Dijkgraaf noemt gang van zaken beoordelingen Fontys ‘zorgelijk’
„De onafhankelijkheid van panelleden die opleidingen beoordelen moet boven elke twijfel verheven” zijn, zegt onderwijsminister Robbert Dijkgraaf. Hij reageert daarmee op berichtgeving van de Volkskrant over de Vlaamse hoogleraar Filip Dochy. Die ontwikkelde een onderwijsmethode die aan de hogeschool Fontys werd gebruikt, maar beoordeelde tegelijk ook opleidingen van die onderwijsinstelling, schrijft de krant.
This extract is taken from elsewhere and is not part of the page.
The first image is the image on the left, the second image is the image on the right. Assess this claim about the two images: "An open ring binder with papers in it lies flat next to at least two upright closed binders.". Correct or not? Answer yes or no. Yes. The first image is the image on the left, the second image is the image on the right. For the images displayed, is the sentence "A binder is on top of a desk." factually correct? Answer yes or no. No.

Dijkgraaf noemt het dan ook „zorgelijk” dat het met de onafhankelijkheid van de beoordelingen in dit geval „niet goed is gegaan”.
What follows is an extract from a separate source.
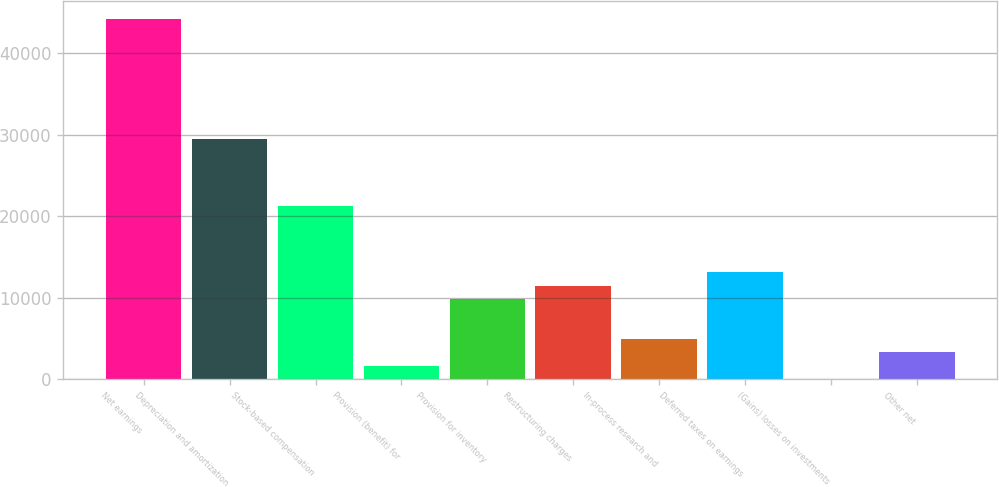Convert chart. <chart><loc_0><loc_0><loc_500><loc_500><bar_chart><fcel>Net earnings<fcel>Depreciation and amortization<fcel>Stock-based compensation<fcel>Provision (benefit) for<fcel>Provision for inventory<fcel>Restructuring charges<fcel>In-process research and<fcel>Deferred taxes on earnings<fcel>(Gains) losses on investments<fcel>Other net<nl><fcel>44256.2<fcel>29508.8<fcel>21315.8<fcel>1652.6<fcel>9845.6<fcel>11484.2<fcel>4929.8<fcel>13122.8<fcel>14<fcel>3291.2<nl></chart> 
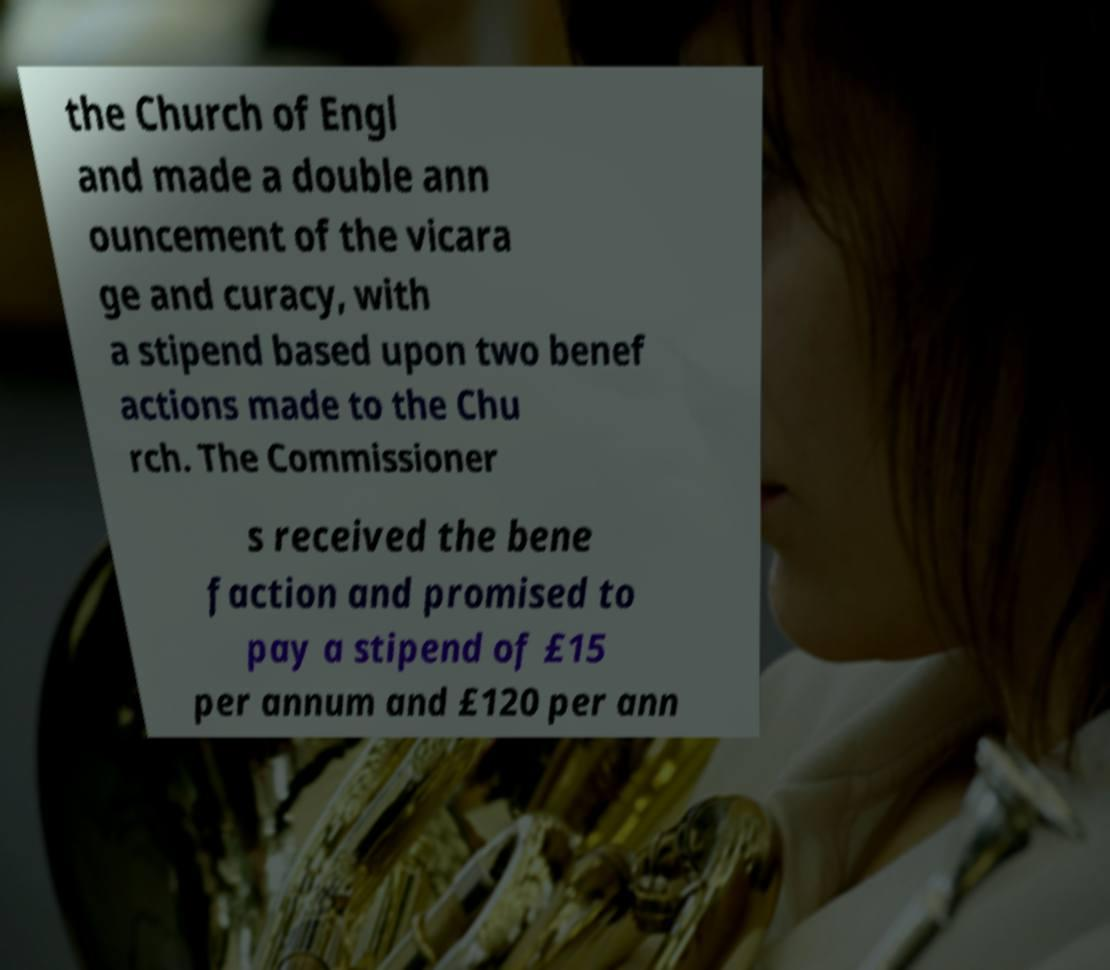I need the written content from this picture converted into text. Can you do that? the Church of Engl and made a double ann ouncement of the vicara ge and curacy, with a stipend based upon two benef actions made to the Chu rch. The Commissioner s received the bene faction and promised to pay a stipend of £15 per annum and £120 per ann

Dochy had volgens de Volkskrant namelijk „als methodemaker en organisator van workshops en trainingen” financiële belangen bij Fontys.
Het ministerie had naar aanleiding van eerdere berichtgeving van de Volkskrant over Dochy al contact opgenomen met zowel Fontys als de Nederlands-Vlaamse Accreditatieorganisatie (NVAO). Daarbij wordt volgens het ministerie ook de onafhankelijkheid van de panelleden aangekaart. „Criteria moeten kraakhelder zijn”, aldus de minister.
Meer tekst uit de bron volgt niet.